Chinese men were ordered to wear Manchu hairstyle: The forehead had to
be shaved, the remaining hair was braded in a pigtail
which was wound around the head. The same hairstyle, which was popular among
peoples in the steppe, had been enforced on Chinese men by the Jurchen during the Jin dynasty in the 12th century.
In the same year - 1645- enclaves for exclusively Manchu inhabitants were
founded in the northern provinces of China. The Manchus
enslaved prisoners of war and landless peasants who had to till the land for
them. This harsh rule over the Chinese population was eventually given up
because the Manchu realized that lean taxation and a better rule would guarantee
the cooperation of the non-Manchu majority of the population much easier than
brutal force. Nevertheless, they still tried to enforce laws of segregation
and in 1668 all Han Chinese were banned from settling in Manchuria. This ethnic segregation had cultural and
economic reasons: intermarriage was forbidden to keep up Manchurian heritage
and minimize sinicization and at the same time the
exploitation of the ginseng production, a great source of income, remained
in Manchu hands.
The conquest of the southern parts of China was more challenging than establishing a
new rule in the north. Comparable to developments in the Southern Song, the
remnants of the Ming court had fled south and had proclaimed a new emperor
in Nanjing who headed the Southern Ming dynasty. But
resistance was broken by force. Yangzhou, which had been defended with an iron hand
by the Ming-loyalist Shi Kefa
was taken by the Qing and the emperor had been handed
over to the Qing when Nanjing fell a few days after Yangzhou.

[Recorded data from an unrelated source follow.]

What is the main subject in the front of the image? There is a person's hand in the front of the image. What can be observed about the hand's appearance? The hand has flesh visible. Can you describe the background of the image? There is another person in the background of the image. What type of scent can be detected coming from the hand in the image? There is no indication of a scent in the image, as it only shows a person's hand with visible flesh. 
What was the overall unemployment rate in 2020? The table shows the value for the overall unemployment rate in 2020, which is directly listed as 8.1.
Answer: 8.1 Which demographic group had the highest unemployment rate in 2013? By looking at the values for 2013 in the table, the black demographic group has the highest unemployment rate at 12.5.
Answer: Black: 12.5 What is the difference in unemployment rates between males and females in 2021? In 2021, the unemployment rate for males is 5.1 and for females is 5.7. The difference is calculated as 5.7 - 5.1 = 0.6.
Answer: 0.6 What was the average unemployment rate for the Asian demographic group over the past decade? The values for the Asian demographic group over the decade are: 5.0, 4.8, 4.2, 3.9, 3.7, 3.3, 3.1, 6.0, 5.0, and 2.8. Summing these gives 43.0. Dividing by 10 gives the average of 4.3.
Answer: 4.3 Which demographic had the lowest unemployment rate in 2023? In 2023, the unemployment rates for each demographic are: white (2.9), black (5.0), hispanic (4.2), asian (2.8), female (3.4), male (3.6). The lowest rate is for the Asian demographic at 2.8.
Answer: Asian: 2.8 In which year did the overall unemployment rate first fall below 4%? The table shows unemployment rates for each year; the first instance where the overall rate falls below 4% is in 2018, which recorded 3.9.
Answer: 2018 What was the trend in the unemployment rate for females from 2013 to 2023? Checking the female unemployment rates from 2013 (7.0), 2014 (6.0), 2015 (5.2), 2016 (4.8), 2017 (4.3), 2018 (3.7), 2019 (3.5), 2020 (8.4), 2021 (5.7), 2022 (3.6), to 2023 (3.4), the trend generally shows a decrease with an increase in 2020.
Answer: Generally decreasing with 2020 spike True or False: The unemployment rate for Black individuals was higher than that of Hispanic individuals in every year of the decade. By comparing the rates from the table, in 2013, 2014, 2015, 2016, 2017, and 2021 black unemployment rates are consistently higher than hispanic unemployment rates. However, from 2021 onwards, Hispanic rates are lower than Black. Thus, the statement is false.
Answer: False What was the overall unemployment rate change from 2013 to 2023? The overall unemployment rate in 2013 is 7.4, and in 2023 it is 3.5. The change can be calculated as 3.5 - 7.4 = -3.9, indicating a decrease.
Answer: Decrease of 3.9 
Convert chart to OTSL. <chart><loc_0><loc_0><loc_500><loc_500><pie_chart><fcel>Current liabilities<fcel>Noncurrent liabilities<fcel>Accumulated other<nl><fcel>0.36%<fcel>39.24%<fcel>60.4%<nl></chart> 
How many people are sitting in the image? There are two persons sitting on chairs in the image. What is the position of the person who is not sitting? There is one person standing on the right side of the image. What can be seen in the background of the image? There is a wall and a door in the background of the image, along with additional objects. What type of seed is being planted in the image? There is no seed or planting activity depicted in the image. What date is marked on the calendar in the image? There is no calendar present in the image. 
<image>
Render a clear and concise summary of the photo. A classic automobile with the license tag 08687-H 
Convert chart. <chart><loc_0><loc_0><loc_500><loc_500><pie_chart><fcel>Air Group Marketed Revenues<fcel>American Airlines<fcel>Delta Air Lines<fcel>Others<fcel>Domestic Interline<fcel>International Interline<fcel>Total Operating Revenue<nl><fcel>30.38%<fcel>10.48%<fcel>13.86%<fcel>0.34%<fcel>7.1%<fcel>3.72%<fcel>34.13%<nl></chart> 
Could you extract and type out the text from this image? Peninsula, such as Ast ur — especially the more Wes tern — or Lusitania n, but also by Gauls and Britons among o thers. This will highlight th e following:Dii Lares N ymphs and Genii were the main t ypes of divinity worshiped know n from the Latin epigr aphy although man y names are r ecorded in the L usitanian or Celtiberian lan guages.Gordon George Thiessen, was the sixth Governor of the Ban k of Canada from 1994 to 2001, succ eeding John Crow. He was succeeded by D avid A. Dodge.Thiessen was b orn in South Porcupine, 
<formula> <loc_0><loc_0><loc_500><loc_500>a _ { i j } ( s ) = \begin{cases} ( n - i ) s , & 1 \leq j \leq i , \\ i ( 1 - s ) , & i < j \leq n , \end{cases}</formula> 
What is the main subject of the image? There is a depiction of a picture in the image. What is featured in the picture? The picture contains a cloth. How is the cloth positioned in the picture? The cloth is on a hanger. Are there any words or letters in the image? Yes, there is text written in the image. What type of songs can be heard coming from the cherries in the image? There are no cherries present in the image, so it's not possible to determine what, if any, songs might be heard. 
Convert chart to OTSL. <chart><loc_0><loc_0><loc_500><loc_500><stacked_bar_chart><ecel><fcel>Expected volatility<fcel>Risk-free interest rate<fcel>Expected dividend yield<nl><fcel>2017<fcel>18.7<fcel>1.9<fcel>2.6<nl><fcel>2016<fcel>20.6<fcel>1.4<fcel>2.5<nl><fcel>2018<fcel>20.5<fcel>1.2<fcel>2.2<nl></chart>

The rest of the imperial family and the court fled to Yunnan province in southwestern China and again
a new emperor was proclaimed. He and his entourage could not withstand the
perpetual attacks by general Wu Sangui, who fought for
the Qing. The emperor took refuge in Burma, was captured in 1661, brought back to China,
and strangled in Kunming.
The resistance in the south lasted some 50 years and was assisted by figures
like Zheng Chenggong (1624-1662),
a Ming loyalist who survived by successfully
combining piracy and trade. He was closely associated with the Southern Ming
court and even allowed to use the Imperial family name, Zhu. This privilege
brought him the nickname 'Guoxingye', ‘Excellency
with the royal family’s name’ which was transliterated by the Dutch and others
Westerners as ‘Coxinga’. In order to subdue him
and his fellow pirate-loyalists, the Qing government
in 1662 evacuated the entire coastal regions from Shandong to Guangdong. All coastal villages and cities were destroyed,
the inhabitants had to move to the hinterland. The
resulting destruction of Chinese trade relations facilitated the intrusion
of Western merchants from Portugal, Spain, and Holland in East Asia.
A stern Ming loyalist, Zheng Chenggong expelled the Dutch from Taiwan and rebelled against the Qing.
Shrine for the
national hero, Zheng Chenggong in Taiwan
As mentioned before, the initial rule of the
Qing had been facilitated by the service of Chinese officials
who had served under the Ming as well. Some of them became military governors
under the Qing and obtained a rank similar to imperial
princes. They were entrusted with the administration of large parts of southern
China, areas that eventually became rather autonomous and finally sought independence
from the central administration in Beijing.
Three of these governors became increasingly powerful:
Wu Sangui who had
destroyed the army of the rebel Li Zicheng and then
had chased the Ming loyalists to Yunnan. He had kept his troops under arms and while
financially supported by the Qing government, finally
controlled the south-western provinces of Yunnan, Guizhou, Hunan, Shanxi, and Gansu.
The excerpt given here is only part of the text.